Business


Product returns not always welcome

SUNDAY, DEC. 12, 2004

During this holiday shopping season, some retailers are deploying new technology designed to crack down on one of the industry’s biggest frustrations — customers who abuse return and exchange policies.

Retailers such as Guess Inc., Staples Inc., Sports Authority Inc., and Limited Brands Inc. are among those using software called Verify-1, a product of Irvine, Calif.-based Return Exchange. The closely held company helps retailers decide whether to deny returns or exchanges using a program that monitors a shopper’s track record of bringing items back.

Such tactics are raising the ire of shoppers and privacy-rights groups who say the new technology is often an unnecessary and intrusive violation of consumer rights.

Retailers say they are on the lookout for various forms of fraud, including “serial wardrobers” who buy an outfit, wear it once or twice and return it; shoplifters who return stolen merchandise; employees who steal items and return them for cash; price switchers, who change price tags on items, then return one item for the higher amount; and shoppers who use fake or old receipts when making a return.

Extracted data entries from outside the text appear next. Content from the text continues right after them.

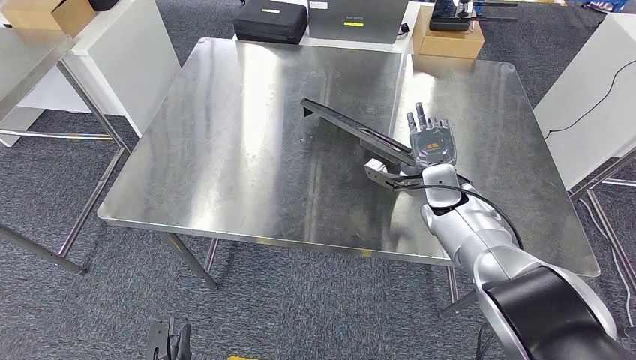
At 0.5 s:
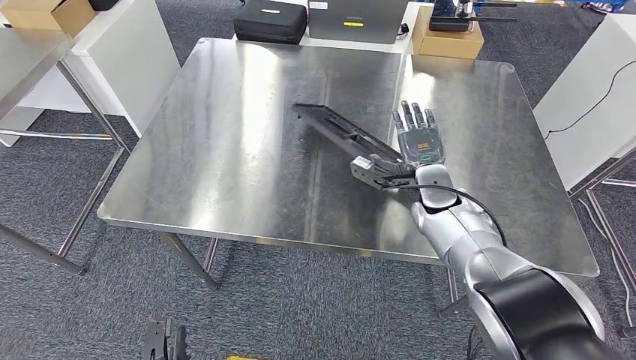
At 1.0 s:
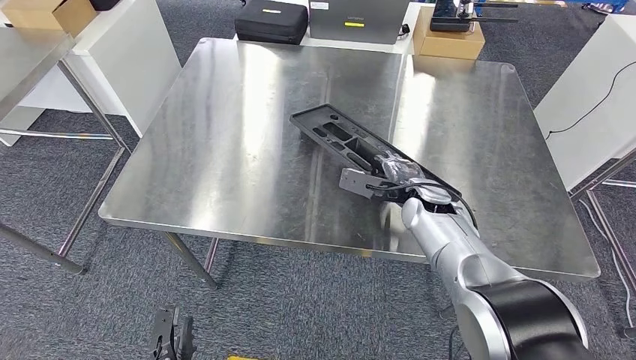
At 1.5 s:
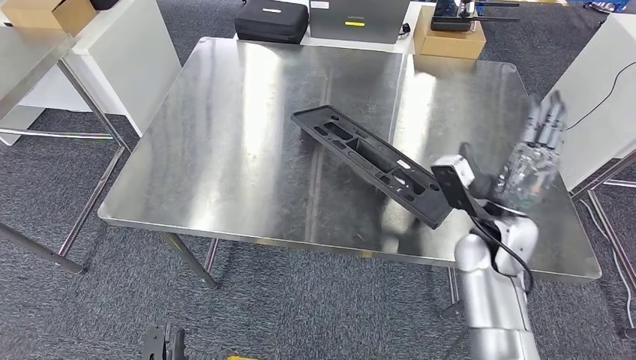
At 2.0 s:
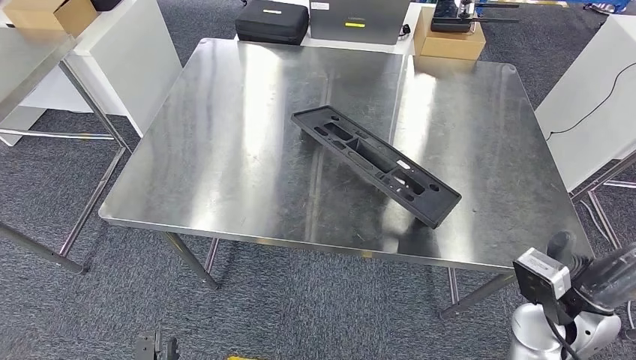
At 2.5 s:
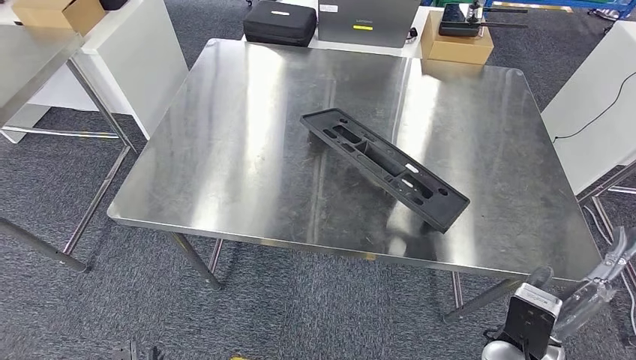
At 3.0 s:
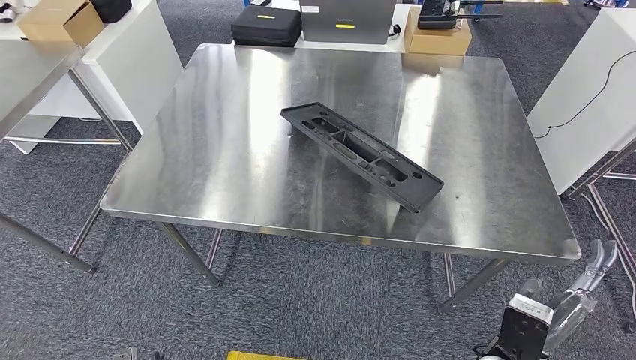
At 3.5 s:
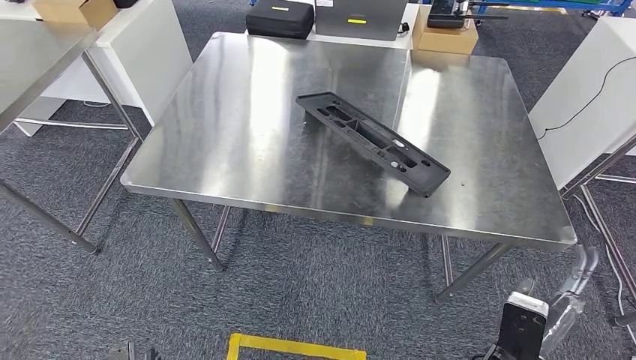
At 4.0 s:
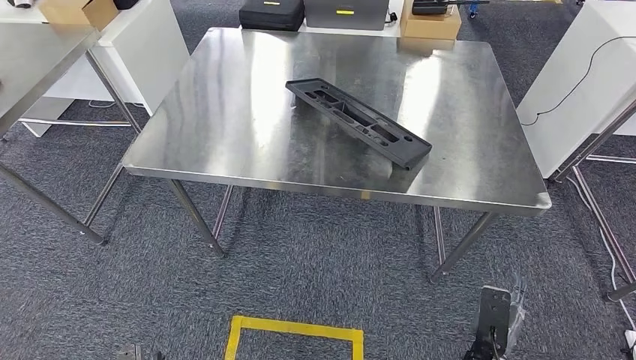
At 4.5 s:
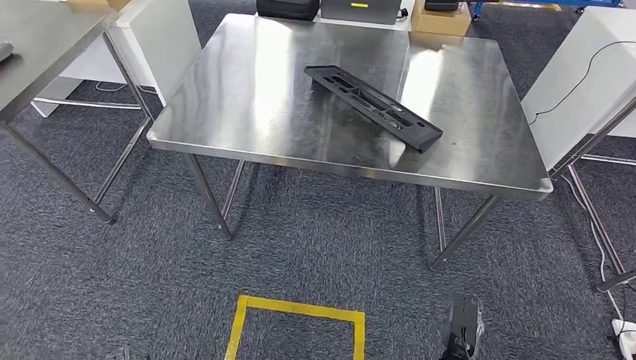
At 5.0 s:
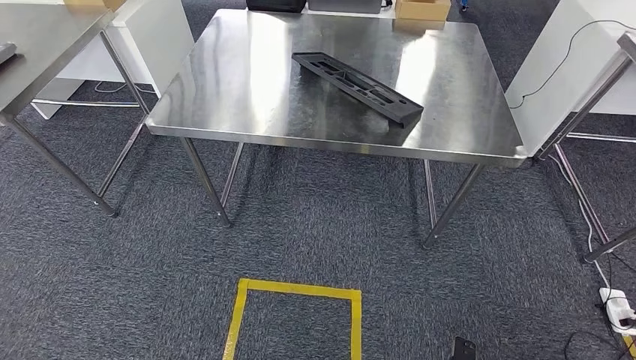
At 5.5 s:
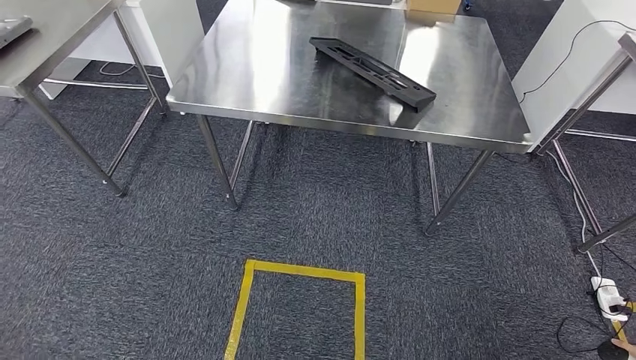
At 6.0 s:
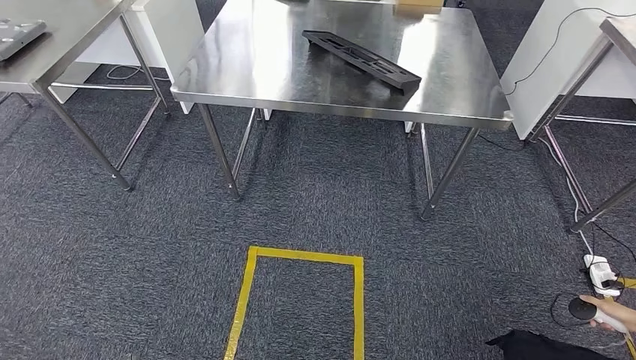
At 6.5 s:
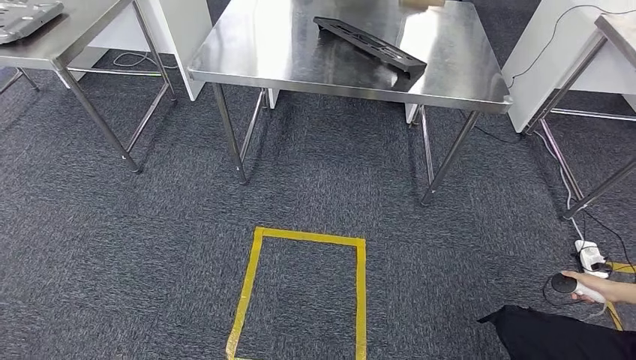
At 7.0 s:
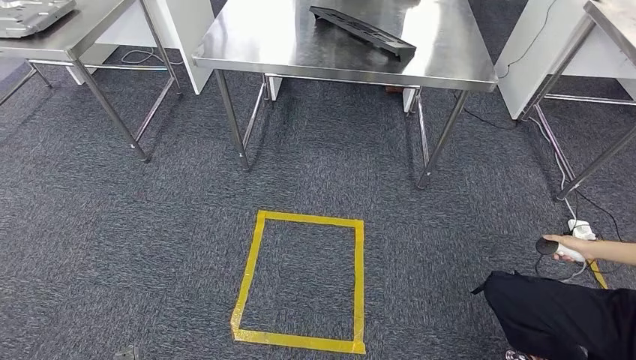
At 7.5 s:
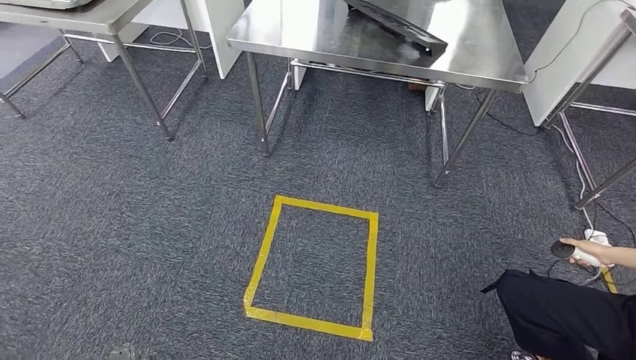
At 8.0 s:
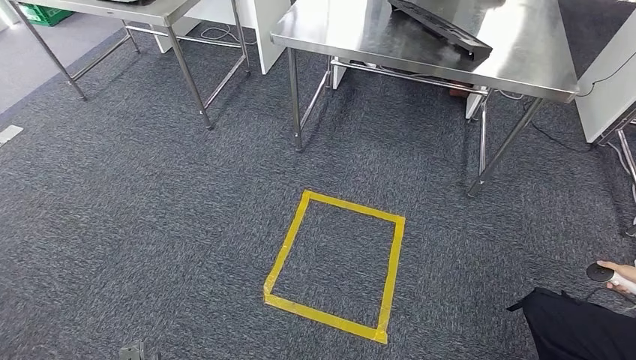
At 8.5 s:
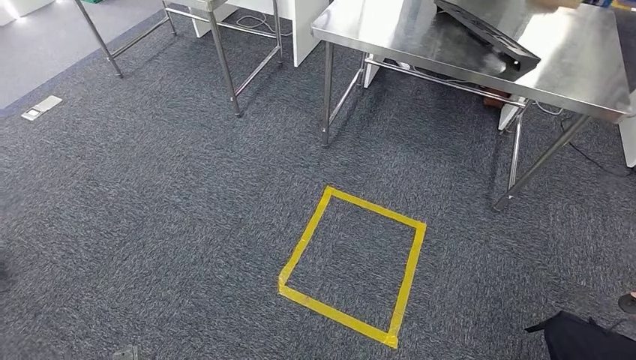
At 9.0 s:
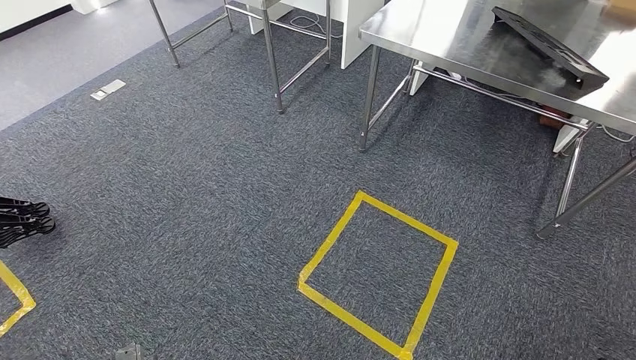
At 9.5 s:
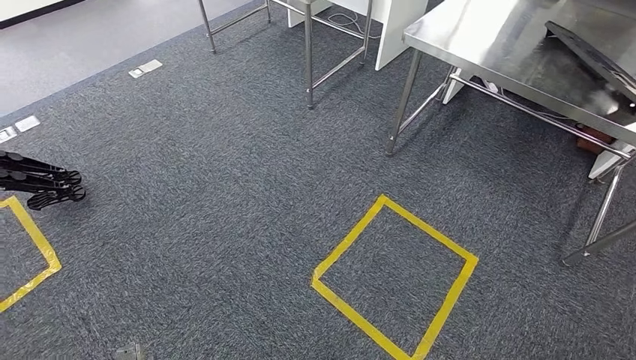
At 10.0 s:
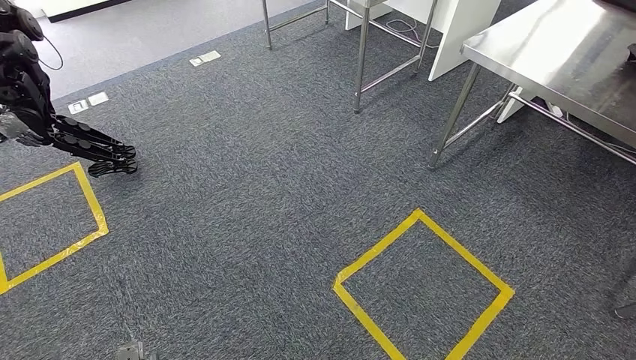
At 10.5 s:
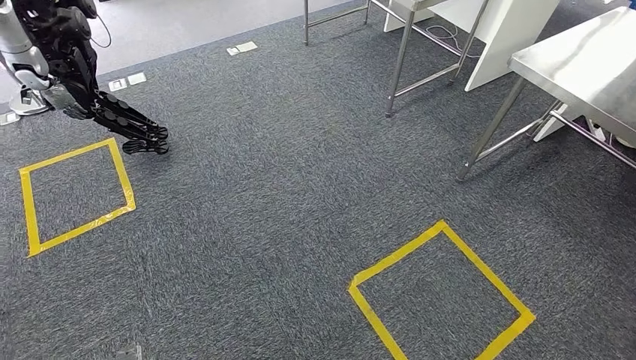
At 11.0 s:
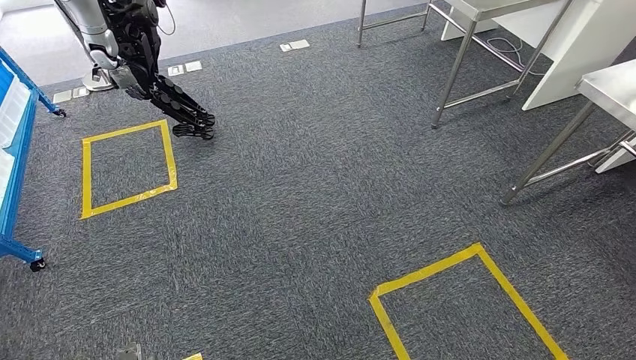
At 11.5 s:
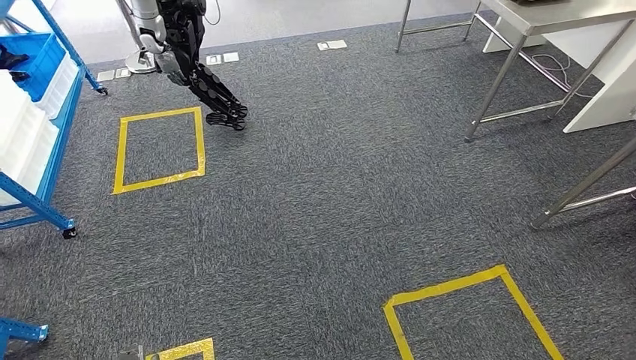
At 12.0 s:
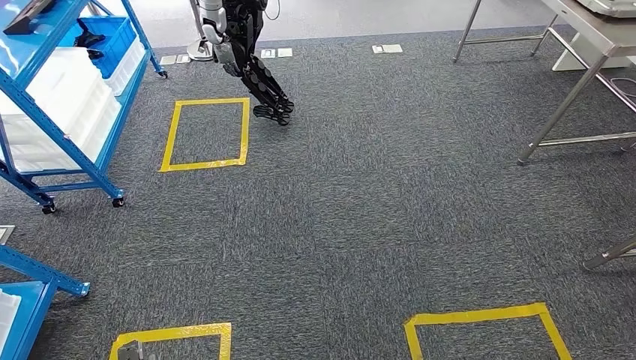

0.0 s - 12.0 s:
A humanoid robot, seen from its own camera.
Step, 0.0 s - 2.5 s: Insert the large material into the corresponding slot on the workbench.
0.0 s - 2.0 s: The right hand moves backward, about 20 cm.

Return Exchange’s Verify-1 system works like this: When a customer wants to return an item, the sales clerk asks for his or her driver’s license or other form of state-issued identification, and swipes it into a machine much like those used to make credit card or ATM purchases. The shopper’s name, address and birthdate is logged into a database. The program records details about the transaction, such as the store number, the amount of the return, the date, time and item description.

All that information is stored on the Return Exchange’s server in Santa Ana, Calif. Most transactions end there. But if a customer’s “return behavior” seems out of the ordinary, the transaction is rejected and the consumer is given a receipt that instructs him or her to call the company’s toll-free number for a copy of a report detailing their return activity. Shoppers can also request that Return Exchange investigate the rejected return. The program keeps tallies of the type of transactions, the total amount of the returns and the number of exchanges.

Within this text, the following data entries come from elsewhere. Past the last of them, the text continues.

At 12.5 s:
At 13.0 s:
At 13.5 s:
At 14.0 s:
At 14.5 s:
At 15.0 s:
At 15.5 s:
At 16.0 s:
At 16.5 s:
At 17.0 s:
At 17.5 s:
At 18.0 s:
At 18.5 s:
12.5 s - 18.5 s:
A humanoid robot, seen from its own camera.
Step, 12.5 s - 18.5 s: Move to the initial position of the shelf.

The company says the data are available only to Return Exchange, the customer and executives at the retailer. Other personal information, such as a shopper’s physical characteristics, is not recorded.

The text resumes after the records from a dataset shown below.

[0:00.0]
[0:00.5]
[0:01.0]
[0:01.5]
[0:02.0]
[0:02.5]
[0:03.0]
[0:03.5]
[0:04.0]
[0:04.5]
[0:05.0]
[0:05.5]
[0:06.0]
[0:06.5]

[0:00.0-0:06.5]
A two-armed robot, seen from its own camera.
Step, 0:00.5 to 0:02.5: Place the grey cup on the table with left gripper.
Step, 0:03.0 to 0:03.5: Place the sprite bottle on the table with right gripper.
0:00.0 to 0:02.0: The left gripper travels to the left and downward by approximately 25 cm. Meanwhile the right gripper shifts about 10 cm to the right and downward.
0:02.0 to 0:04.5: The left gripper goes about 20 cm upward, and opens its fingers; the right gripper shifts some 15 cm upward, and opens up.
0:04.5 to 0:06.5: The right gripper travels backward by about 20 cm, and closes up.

Return Exchange was co-founded by executives who previously worked at companies that tried to prevent credit-card and check fraud. Verify-1 first went on the market in March 1999, and its latest version is the result of a $20 million development project that culled the efforts of software engineers, statisticians and Arthur Andersen consultants. Since its inception, company executives say Return Exchange has grown to an estimated $10 million a year business — with its software used in at least one store in every mall in America.

“It’s the last big hole retailers need to fill,” says company senior vice president of sales and marketing Mark Hilinski.

The use of Verify-1 is just the latest move by retailers intent on curtailing return fraud, says University of Florida criminology professor Richard C. Hollinger. According to the 2003 National Retail Security Survey, compiled by Hollinger, the retail industry lost about $16 billion to fraudulent behavior.

Until now, retailers have focused on tracking fraud at the time of purchase. New technology monitors unusual activities like price overrides — the purchase costs $75 but the customer is charged $25, for example. Camera surveillance also pinpoints questionable behavior. Verify-1 tracks customers, however, only when they return or exchange items.

According to retail consulting firm KingRogers International, in 2003, the return rate for specialty retailers was 10.6 percent of total sales, higher than the industry average of 8.58 percent. About 9 percent of all returns are estimated to be fraudulent.

The program has come under fire from consumers. Beth Givens, director of the nonprofit Privacy Rights Clearinghouse, says she thinks Return Exchange generally has a “robust” privacy policy. Still, she’s encouraging the company to be more transparent about how it pinpoints fraudulent behavior. (No group or individual has seriously challenged the right to return purchases under this program.) “By not sharing the rules of the game, the companies are playing a game of gotcha and I don’t think that’s fair,” she says.

Concern that honest customers might be hurt by the technology was an issue for Joseph Toth, senior vice president of Los Angeles-based specialty apparel retailer Guess. Since Aug. 30, the Return Exchange has been monitoring — but not enforcing — returns at 16 of its stores in an effort to glean information about its return rate. Toth won’t see the data until the pilot program is finished at the end of the year, but he says Guess hasn’t received any official complaints when customers were asked to swipe their driver’s license.

“There have been some conversations at the register, but no incident where someone went nuts and said ‘I won’t give my driver’s license,’ ” he says. However, about 10 customers didn’t go through with the return once they were informed of the policy, Toth says, evidence that Verify-1 may work as a deterrent.

Using the technology means store employees, many of whom are in their late teens and early 20s, are not deciding whether to permit returns. “There is no arguing with this,” he says. Toth says Guess will decide early next year if it will use the software full time.